Идти пришлось не быстро, а точнее раз в пять медленнее, чем добирался до ущелья. Пришёл он к становцам уже только к вечеру, к слову остальные парни вернулись ещё вчера сутра, повесив клыки обыкновенных волков на шеи.
То, что мальчишка, проживший лишь десять зим победил саблезуба (это ещё Угрюм смолчал, что тот был потомком крови первых тигров, что значило – королевский), было невероятно, никто до сих пор о таком даже не слышал. Сам мальчуган, сослался на невероятное везение и не более. Только Годовит всё понимал, заметив выпирающую слегка из шкуры тигра на плечах Угрюма, рукоять.
Так что из дома уходили мужчина с мальчиком, а возвращалось уже двое мужчин. По дороге Угрюм подробно рассказал отцу свою встречу с саблезубом, Годовит уточнял подробности, хмурился, комментировал, а в конце признался, что гордится своим сыном! Единственное, о чём умолчал Угрюм, это о видении в котором ему явился родной отец.
Они шли домой, вокруг шумело молодой листвой зелёное море леса, о том, что восемнадцать годин назад здесь была уничтожительная война почти ничего не напоминало. Под ногами то тут, то там бежали задорные ручьи, в зарослях бродила разномастная дичь, пели удивительные песни не менее удивительные птицы, по небу спокойно и величаво двигались белые облака-горы, но на виднокрае, где-то далеко – далеко вновь сгущалась тьма грозных тучь, сверкали всполохи молний. Ощущение неотвратимой беды преследовало Годовита в последнее время и как бы он это не скрывал, передавалось это чувство и Угрюму.
Глава IV
Каан.
Лето 5362 от великой стужи.
По широкой, вымощенной булыжниками дороге, ведущей к северным вратам града именуемого Тара, неспешно и гордо шёл молодой мужчина, на вид разменявший примерно тридцатое, тридцать пятое лето (на деле его возраст переводил за пять десятков зим). Высокого роста (на три головы выше среднего мужчины), шириной под стать, обнажен по пояс, мышцы, как корни векового дуба, кожа выжженная жарким солнцем и обветренная ледяными метелями. На ногах одеты грубые кожаные штаны и высокие сапоги с мехом наружу. За спиной на привязи находился исполинский двусторонний обоюдоострый топор на длинном древке – лабрис. Волосы тёмно-русые, отливающие медью, были перехвачены на лбу широкой стальной полосой, на лице густая рыжая коротко стриженная борода. В карих глазах, с зелёными всполохами, любому виделась лишь ненависть и жажда битвы. По всему телу красовались завитые тату символы, разной формы, цвета, давности нанесения, даже на лбу, из под обруча можно было рассмотреть рисунок ни то звезды, ни то шара с иглами.

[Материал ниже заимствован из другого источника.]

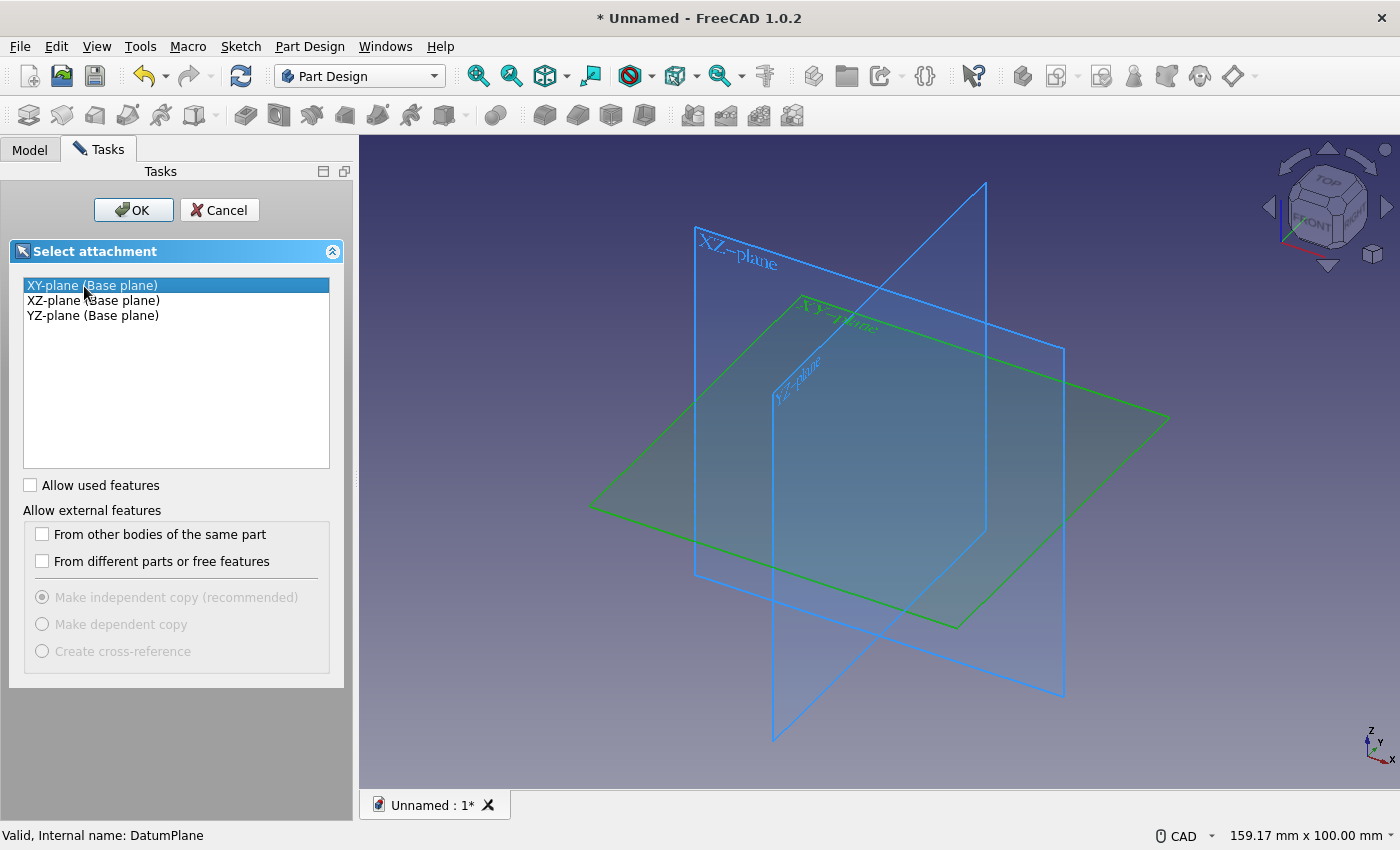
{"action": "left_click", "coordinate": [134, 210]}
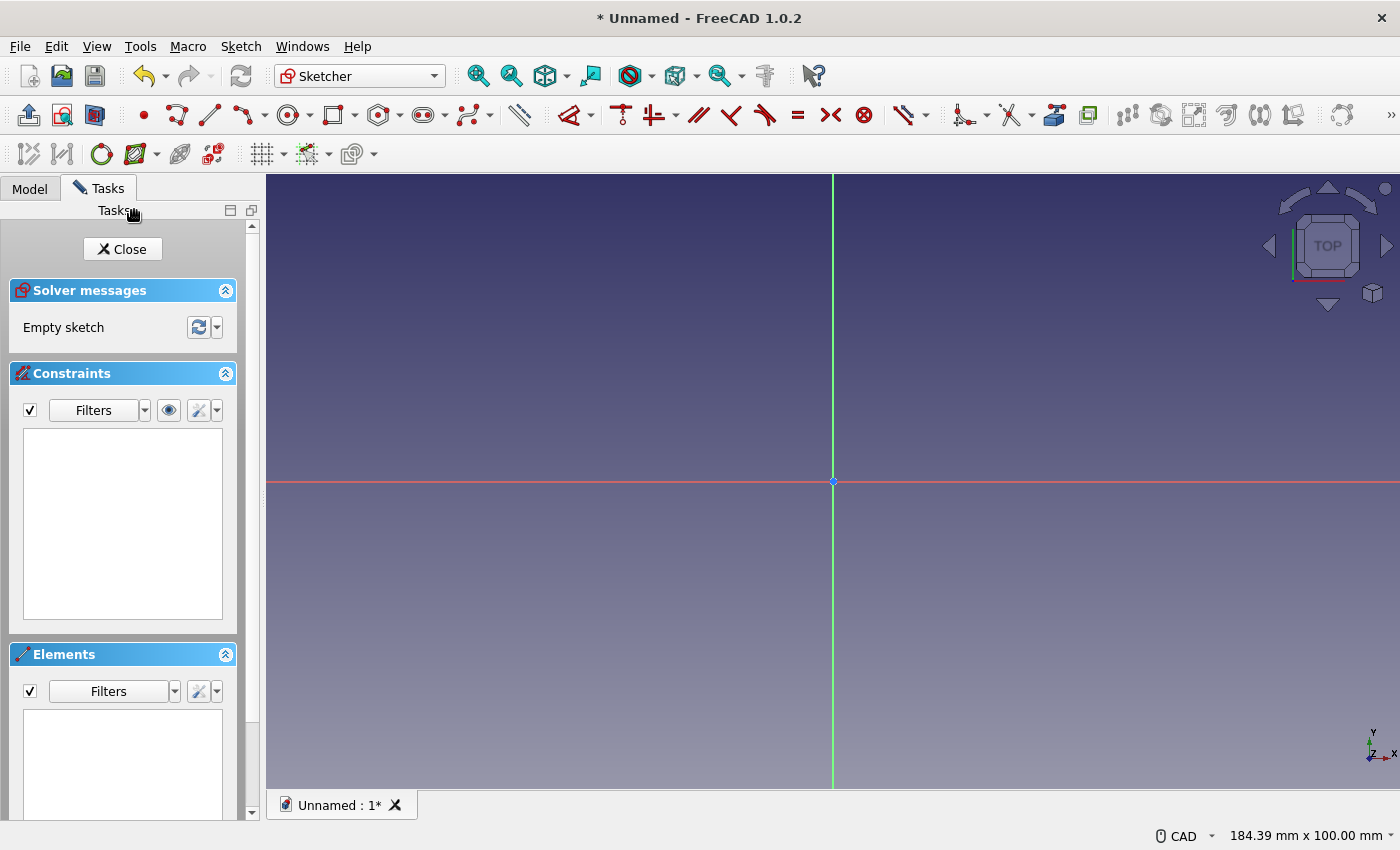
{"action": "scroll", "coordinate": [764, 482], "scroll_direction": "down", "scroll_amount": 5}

За спиной мужчины молча двигалась сотня титанических воинов, каждый ростом как и их предводитель, в непроницаемо – черных доспехах, с рогатыми шлемами на головах, на поясе у каждого чёрные ножны с мечом, в руках каждый сжимал чёрное древко копья. Если бы кто-то рискнул подойти ближе к этой сотне, то увидел бы, что на них вовсе не доспехи одеты, это была их кожа, крепостью не уступающая ни каленому железу, ни заговоренному камню. По этой коже-броне проходило множество тончайших красных линий и чем жарче вокруг становилось тем эти нити становились шире и излучали странную паническую энергию животного страха. На голове не было шлемов, а небольшие рога, напоминающие рога быка, росли из головы, в запавших глазницах у каждого горело пламя..
Сотня остановилась перед вратами на расстоянии чуть меньшим, чем перелёт стрелы. Обнажённый до пояса предводитель продолжил движение к вратам, на стене, по краям оных, собралось уже около такой же сотни охраны. Среди стражи, показался их предводитель воевода Маул бесстрашный.